SUMMARY
The function $$f(x,y)=\left\{\begin{array}{ccc} (x^2+y^2)\sin\left(\frac{1}{\sqrt{x^2+y^2}}\right) & , & (x,y)\neq (0,0) \\ 0 & , & (x,y)=(0,0) \end{array}\right.$$ is differentiable at the point (0,0) but exhibits discontinuous partial derivatives $$f_x$$ and $$f_y$$ at that point. Another example provided is $$f(x,y):=\frac {2xy}{x^2+ y^2}$$, which also demonstrates similar properties. Additionally, the univariate function $$f(x) := \begin{cases} x^2 \sin (1/x), &x\neq 0 \\ 0,&x=0 \end{cases}$$ serves as a classical example of a differentiable function that is not continuously differentiable.
PREREQUISITES
- Understanding of multivariable calculus concepts, specifically differentiability and continuity.
- Familiarity with partial derivatives and their properties.
- Knowledge of limits and their role in defining continuity.
- Basic proficiency in mathematical notation and functions.
NEXT STEPS
- Research the properties of discontinuous partial derivatives in multivariable functions.

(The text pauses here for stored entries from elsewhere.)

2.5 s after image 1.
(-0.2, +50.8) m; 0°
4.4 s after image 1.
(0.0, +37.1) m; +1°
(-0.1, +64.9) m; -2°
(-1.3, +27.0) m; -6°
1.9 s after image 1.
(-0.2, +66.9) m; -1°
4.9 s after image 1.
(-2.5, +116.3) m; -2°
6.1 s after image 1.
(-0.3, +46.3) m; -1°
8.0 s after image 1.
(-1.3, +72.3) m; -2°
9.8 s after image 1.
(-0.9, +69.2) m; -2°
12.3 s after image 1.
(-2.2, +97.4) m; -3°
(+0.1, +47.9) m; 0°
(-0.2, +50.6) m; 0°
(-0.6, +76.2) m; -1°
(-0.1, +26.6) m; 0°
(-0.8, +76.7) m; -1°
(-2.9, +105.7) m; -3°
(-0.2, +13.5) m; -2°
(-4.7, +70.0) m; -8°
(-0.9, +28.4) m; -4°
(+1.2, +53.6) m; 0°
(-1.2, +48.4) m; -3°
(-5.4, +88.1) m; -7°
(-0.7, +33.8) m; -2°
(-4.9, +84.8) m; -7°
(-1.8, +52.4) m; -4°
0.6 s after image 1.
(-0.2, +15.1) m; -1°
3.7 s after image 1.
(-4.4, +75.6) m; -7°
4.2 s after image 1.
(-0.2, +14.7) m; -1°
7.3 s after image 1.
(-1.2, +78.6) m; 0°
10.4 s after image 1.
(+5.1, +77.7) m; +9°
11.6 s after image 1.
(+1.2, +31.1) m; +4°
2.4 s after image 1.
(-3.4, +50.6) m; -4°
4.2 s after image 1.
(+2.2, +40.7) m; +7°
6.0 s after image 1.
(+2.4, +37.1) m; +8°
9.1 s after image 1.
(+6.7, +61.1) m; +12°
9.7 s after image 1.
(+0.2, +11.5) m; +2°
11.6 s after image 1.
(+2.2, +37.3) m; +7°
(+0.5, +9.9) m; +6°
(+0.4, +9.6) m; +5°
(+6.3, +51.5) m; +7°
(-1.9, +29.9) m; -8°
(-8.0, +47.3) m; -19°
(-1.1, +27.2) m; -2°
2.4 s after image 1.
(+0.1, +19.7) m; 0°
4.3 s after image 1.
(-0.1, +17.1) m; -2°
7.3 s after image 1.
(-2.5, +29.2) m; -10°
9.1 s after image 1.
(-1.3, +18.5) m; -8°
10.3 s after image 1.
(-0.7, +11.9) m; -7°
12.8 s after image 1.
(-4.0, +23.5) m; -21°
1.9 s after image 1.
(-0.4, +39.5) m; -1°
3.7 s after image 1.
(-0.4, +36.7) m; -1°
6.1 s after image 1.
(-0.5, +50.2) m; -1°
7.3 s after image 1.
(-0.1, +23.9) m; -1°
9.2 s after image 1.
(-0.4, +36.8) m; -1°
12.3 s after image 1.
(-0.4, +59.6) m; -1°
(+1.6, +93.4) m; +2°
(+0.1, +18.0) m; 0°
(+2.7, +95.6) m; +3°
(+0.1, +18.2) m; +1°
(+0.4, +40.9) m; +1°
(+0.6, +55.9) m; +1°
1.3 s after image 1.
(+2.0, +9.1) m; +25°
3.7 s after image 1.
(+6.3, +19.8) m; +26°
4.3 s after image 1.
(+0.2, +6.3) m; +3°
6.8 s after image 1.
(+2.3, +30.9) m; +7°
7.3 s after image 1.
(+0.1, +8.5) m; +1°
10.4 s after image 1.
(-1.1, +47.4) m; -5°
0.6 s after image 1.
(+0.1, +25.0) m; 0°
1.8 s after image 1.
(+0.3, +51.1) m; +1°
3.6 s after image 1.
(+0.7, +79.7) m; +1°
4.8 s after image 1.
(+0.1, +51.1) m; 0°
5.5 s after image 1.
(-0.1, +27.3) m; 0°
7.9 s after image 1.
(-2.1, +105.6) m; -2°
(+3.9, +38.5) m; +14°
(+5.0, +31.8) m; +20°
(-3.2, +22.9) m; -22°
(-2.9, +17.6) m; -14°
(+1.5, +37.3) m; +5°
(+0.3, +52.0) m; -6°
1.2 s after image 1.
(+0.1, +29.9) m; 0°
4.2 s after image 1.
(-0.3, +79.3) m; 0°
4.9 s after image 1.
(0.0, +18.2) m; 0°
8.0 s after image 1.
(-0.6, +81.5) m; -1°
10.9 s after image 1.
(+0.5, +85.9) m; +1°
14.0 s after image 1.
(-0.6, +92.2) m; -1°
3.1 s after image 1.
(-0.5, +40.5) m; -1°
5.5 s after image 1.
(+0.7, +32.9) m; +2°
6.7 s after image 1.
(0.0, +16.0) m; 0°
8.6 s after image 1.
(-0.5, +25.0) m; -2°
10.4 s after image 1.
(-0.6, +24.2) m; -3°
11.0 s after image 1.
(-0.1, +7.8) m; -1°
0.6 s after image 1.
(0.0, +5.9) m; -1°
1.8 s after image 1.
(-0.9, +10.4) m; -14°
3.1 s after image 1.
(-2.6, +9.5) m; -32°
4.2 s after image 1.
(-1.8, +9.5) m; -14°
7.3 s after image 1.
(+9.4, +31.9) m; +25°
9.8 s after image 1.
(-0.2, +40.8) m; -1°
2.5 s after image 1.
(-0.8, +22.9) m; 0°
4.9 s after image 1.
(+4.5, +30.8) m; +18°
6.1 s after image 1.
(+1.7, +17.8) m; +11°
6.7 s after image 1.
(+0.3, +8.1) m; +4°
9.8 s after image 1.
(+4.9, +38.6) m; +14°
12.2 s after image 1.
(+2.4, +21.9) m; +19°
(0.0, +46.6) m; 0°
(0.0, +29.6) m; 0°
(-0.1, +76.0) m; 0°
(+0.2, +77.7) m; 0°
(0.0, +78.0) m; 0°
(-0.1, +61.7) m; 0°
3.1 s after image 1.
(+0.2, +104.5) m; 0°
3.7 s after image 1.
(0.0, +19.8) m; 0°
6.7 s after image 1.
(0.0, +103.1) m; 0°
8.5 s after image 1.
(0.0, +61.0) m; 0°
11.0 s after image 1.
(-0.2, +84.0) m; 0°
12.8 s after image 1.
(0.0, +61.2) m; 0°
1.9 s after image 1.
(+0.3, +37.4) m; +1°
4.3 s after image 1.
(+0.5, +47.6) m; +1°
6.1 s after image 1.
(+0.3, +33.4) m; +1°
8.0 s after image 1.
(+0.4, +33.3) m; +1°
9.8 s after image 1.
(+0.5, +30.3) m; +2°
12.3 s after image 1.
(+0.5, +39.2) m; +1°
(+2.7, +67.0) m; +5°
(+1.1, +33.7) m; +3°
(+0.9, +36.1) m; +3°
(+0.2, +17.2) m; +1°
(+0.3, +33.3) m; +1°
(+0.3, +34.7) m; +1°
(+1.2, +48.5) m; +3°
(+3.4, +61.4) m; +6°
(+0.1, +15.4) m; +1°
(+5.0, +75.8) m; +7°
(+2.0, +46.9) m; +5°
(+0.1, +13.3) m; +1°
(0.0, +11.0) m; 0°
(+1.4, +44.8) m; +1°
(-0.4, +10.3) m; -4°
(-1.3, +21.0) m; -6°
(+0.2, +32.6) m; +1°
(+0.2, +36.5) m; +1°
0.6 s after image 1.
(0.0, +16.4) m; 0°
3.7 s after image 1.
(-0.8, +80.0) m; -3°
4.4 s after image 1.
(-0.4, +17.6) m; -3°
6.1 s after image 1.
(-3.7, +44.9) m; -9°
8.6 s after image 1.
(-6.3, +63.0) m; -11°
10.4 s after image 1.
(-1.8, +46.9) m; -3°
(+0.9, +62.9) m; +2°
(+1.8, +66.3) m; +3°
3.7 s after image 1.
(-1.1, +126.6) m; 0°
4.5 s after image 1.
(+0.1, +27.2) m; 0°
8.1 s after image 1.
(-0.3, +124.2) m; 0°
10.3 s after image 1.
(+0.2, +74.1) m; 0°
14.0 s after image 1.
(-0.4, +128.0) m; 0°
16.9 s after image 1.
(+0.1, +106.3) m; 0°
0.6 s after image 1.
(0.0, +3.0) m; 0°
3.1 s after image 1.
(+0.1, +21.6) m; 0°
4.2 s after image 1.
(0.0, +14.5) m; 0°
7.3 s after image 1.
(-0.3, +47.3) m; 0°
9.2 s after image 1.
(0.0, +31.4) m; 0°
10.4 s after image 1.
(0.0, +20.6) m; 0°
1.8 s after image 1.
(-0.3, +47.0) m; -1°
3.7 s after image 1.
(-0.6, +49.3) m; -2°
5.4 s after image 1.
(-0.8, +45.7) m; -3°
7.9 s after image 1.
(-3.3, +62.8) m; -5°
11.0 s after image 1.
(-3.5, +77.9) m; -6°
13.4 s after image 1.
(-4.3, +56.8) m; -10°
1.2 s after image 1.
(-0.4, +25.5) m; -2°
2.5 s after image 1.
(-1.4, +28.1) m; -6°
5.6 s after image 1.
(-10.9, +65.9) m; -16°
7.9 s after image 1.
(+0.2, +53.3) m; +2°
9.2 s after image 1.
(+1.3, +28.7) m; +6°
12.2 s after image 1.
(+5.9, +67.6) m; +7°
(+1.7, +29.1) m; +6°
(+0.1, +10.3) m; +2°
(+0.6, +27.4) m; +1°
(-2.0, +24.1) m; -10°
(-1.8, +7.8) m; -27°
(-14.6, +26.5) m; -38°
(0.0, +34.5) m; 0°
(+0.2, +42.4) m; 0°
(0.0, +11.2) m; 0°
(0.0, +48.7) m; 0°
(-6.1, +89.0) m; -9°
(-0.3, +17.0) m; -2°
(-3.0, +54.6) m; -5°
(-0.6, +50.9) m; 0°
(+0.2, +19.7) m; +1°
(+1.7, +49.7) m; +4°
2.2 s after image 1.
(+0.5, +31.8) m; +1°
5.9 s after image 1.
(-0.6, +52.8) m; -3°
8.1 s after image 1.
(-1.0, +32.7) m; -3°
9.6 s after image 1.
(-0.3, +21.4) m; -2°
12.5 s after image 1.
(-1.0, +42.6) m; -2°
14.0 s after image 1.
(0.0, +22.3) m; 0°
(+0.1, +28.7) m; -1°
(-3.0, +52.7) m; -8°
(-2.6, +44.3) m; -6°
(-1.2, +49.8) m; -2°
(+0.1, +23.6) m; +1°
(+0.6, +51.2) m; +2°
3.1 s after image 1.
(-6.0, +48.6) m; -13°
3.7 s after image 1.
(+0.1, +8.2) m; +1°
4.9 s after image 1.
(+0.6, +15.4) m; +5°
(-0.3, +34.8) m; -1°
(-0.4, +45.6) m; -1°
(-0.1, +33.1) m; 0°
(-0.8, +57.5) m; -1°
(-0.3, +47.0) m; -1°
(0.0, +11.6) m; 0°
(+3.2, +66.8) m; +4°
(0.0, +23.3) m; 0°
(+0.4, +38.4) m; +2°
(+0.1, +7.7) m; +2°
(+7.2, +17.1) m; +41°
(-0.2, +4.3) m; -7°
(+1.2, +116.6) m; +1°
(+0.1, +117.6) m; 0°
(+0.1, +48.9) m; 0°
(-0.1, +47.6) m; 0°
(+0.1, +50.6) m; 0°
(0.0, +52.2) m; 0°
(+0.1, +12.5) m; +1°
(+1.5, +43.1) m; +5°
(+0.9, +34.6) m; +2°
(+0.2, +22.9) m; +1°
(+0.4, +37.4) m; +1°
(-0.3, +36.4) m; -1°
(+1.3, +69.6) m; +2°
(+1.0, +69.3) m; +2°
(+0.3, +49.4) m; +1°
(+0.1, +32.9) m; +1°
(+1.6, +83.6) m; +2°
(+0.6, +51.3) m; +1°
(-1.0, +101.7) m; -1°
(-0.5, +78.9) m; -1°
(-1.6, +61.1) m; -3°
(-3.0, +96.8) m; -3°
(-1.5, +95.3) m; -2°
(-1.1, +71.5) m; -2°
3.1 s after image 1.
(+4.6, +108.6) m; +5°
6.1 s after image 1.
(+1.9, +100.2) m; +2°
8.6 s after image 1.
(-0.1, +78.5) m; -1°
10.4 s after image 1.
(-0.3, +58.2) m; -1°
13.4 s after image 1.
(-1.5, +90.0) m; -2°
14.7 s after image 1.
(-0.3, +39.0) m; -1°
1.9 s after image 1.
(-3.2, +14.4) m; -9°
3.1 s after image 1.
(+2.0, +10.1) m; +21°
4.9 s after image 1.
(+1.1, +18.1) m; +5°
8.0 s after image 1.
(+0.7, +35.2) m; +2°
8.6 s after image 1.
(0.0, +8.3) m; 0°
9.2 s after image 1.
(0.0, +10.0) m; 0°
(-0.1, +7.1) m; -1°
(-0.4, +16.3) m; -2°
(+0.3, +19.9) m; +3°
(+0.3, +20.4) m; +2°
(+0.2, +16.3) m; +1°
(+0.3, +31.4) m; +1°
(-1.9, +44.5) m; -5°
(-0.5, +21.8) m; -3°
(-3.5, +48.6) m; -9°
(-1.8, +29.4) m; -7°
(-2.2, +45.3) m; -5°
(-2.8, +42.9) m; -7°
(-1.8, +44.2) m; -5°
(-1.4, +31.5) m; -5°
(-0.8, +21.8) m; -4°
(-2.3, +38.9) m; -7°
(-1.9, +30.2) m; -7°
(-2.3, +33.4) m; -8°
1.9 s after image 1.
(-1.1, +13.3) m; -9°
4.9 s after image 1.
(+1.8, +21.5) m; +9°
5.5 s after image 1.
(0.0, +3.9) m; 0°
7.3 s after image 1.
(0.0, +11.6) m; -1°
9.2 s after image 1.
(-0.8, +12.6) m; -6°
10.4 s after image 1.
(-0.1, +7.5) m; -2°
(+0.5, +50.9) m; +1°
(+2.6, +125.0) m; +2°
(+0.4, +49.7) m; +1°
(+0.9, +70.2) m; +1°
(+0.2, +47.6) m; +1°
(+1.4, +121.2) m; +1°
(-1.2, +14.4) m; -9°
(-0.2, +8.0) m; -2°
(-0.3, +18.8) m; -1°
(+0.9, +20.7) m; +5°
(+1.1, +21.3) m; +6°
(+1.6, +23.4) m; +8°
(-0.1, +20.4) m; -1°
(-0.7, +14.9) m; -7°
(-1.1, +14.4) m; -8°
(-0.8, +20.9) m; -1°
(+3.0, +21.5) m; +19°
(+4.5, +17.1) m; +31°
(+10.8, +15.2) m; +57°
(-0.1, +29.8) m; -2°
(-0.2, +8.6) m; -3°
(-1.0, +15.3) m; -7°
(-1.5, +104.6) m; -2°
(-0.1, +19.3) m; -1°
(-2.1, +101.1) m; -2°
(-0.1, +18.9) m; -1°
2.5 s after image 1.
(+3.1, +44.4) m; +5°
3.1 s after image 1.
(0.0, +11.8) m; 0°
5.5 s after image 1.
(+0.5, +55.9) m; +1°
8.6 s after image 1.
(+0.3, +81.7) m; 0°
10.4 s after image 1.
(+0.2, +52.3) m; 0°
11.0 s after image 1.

- Explore the implications of differentiability in higher dimensions.
- Study examples of functions that are differentiable but not continuously differentiable.
- Learn about the application of the epsilon-delta definition of continuity in multivariable calculus.
USEFUL FOR
Mathematicians, students of calculus, and educators seeking to understand or teach the nuances of differentiability and continuity in multivariable functions.